Márcio Câmara: sobre a escuta

Um dos mais requisitados técnicos de som direto do país, responsável pela captação sonora de filmes como Lavoura Arcaica, Mutum, A Ostra e o Vento, Cinema, Aspirinas e Urubus, Amélia e Peões, Marcio Câmara não se contenta em pilotar microfones e gravadores. Já dirigiu vários curtas – entre eles o premiadíssimo Rua da Escadinha, 162, estrelado por seu tio, o pesquisador de música Christiano Câmarae no ano passado fez uma estreia dupla: apresentou seu primeiro longa e lançou seu primeiro livro.

Som Direto no Cinema Brasileiro: fragmentos de uma história abre uma picada inédita na literatura brasileira sobre cinema. Fruto de uma dissertação de mestrado na UFF, o livro pretende combater uma “invisibilidade”. Ou, como afirma Márcio, “a insistência em fazer parecer que o som direto não tem importância dentro do processo criativo, seja no campo teórico, como na prática audiovisual”.

Ele dá exemplos dessa “invisibilidade”. Um deles é a pouca atenção que roteiristas e diretores costumam dar aos aspectos sonoros na etapa de criação e planejamento do filme, deixando que isso fique restrito ao gueto dos técnicos e dos editores de som. Outro exemplo: alijados do processo criativo, tratados quase como intrusos, os técnicos de som direto tendem a ser menos bem remunerados que fotógrafos e diretores de arte, que são ligados ao campo hegemônico das imagens. Por fim, nem o público nem a crítica partilham uma noção mais apurada do que seja o trabalho de som em um filme.

No livro, Márcio ocupa-se em detalhar a atividade dos técnicos de som direto, chamando atenção para sua participação criativa na construção de ambientes sonoros, muito além dos meros “apertadores de botão” como tantos os veem. A pesquisa sonora para um filme abrange tudo o que se passa no set de filmagem e não se restringe a ele.
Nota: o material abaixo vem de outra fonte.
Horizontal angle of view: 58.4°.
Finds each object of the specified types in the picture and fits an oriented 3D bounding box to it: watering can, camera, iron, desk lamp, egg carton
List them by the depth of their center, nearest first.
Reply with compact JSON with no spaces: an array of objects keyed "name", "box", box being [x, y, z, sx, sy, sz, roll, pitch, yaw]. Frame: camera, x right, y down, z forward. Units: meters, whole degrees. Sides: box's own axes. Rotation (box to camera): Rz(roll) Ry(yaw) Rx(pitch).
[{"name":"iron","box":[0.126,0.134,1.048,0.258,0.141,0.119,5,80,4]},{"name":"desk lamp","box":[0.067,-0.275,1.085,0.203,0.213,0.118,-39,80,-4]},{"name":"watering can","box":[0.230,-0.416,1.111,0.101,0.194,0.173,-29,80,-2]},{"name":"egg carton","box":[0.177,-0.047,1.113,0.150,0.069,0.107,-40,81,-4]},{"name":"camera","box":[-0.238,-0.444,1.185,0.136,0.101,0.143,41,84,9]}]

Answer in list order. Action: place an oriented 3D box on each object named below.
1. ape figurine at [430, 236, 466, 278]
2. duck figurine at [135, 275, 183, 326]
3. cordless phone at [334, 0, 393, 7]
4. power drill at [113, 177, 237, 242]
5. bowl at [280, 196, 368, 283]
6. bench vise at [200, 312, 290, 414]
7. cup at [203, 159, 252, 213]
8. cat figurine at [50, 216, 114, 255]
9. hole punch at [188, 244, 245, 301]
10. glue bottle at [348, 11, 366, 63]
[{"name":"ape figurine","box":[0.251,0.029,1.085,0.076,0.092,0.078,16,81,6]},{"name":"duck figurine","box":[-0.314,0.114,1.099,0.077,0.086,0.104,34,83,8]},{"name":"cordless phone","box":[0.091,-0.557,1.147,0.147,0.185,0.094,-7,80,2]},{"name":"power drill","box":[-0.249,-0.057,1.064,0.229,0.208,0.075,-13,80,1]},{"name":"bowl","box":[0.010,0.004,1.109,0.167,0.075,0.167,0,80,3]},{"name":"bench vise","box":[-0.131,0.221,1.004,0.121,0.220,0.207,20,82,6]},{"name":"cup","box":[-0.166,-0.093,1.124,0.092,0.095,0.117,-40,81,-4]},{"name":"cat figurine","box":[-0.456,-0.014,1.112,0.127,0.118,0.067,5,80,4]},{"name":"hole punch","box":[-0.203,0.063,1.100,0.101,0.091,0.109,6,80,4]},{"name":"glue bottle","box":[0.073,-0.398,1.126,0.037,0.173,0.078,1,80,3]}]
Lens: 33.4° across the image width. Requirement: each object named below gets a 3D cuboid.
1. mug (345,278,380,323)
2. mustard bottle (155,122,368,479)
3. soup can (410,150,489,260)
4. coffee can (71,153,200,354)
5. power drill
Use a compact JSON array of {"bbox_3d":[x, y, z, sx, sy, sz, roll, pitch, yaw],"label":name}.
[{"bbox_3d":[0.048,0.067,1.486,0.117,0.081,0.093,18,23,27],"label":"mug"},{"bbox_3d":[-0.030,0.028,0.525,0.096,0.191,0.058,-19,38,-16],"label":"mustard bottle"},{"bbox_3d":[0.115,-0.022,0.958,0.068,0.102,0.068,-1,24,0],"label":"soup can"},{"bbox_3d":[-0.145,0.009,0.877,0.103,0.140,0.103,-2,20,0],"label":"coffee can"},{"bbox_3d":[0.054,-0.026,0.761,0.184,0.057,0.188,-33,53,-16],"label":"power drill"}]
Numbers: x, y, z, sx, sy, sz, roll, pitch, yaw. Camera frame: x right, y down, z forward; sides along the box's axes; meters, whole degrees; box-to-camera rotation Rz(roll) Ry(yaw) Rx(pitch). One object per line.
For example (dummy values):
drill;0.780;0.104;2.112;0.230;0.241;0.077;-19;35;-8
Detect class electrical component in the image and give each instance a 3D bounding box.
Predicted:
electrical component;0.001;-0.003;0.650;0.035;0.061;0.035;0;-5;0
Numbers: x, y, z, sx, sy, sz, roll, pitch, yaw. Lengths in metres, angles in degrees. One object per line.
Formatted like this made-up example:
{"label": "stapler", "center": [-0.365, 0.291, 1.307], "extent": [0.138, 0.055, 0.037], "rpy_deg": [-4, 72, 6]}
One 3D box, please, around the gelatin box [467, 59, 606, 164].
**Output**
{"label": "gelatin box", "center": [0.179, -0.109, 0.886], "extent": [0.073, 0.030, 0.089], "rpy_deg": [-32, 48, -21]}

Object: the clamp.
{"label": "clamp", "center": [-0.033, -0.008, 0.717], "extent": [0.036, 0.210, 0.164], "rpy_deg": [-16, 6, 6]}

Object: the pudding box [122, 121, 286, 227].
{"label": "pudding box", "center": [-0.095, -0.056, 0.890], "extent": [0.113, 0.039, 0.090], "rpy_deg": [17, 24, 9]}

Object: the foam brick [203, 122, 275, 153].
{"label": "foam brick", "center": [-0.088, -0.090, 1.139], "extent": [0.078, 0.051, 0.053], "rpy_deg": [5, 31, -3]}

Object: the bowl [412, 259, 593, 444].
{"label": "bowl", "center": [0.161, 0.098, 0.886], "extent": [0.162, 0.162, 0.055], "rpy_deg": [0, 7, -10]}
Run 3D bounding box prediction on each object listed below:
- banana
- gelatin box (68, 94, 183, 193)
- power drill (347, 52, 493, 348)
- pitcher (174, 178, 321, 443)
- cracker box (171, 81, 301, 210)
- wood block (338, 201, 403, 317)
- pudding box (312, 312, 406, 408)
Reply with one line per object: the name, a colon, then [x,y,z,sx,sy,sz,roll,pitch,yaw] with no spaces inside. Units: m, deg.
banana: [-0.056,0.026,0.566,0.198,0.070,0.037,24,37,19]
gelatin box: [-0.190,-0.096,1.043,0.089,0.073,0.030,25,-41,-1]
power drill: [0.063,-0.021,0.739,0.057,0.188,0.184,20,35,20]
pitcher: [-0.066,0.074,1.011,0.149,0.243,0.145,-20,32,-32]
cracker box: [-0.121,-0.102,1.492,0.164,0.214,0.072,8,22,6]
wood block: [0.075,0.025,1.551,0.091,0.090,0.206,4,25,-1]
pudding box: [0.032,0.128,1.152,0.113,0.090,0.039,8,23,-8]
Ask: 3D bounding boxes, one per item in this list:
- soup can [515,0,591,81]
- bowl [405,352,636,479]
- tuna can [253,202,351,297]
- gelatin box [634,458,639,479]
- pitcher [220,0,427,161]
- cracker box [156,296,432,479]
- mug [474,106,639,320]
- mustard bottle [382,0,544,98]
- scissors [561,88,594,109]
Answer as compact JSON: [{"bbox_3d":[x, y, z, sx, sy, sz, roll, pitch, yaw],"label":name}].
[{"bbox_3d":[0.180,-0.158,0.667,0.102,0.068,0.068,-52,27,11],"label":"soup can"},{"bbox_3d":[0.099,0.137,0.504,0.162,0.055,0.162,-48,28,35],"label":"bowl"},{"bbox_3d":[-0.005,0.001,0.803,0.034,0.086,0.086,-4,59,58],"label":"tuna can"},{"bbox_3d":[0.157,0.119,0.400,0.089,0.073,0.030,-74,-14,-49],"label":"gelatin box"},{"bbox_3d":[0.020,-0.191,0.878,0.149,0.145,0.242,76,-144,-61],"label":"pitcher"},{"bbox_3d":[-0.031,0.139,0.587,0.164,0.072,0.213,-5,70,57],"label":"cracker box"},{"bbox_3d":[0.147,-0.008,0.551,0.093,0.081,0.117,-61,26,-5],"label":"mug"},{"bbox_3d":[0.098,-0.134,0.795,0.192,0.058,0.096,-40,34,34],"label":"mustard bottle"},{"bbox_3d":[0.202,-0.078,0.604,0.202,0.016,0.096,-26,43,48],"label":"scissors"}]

Uma das passagens mais curiosas do livro é quando se fala dos poetas como excelente fonte de referência para os sons dos filmes de época.

A partir da carreira e de depoimentos de mestres do ofício como Walter Goulart, Juarez Dagoberto, Zezé D’Alice, Cristiano Maciel, Mark van der Willigen, Paulo Ricardo Nunes e João Godoy, acrescidos de considerações sobre o seu próprio trabalho, o autor oferece um esboço de história do som direto no Brasil. Passa pela difícil introdução da técnica nos anos 1960, o império da dublagem através dos anos 70, a ação dos pioneiros em tempos difíceis, o atraso brasileiro na experimentação do som e a defasagem tecnológica só superados nos anos 2000, e as profundas mudanças de anos recentes.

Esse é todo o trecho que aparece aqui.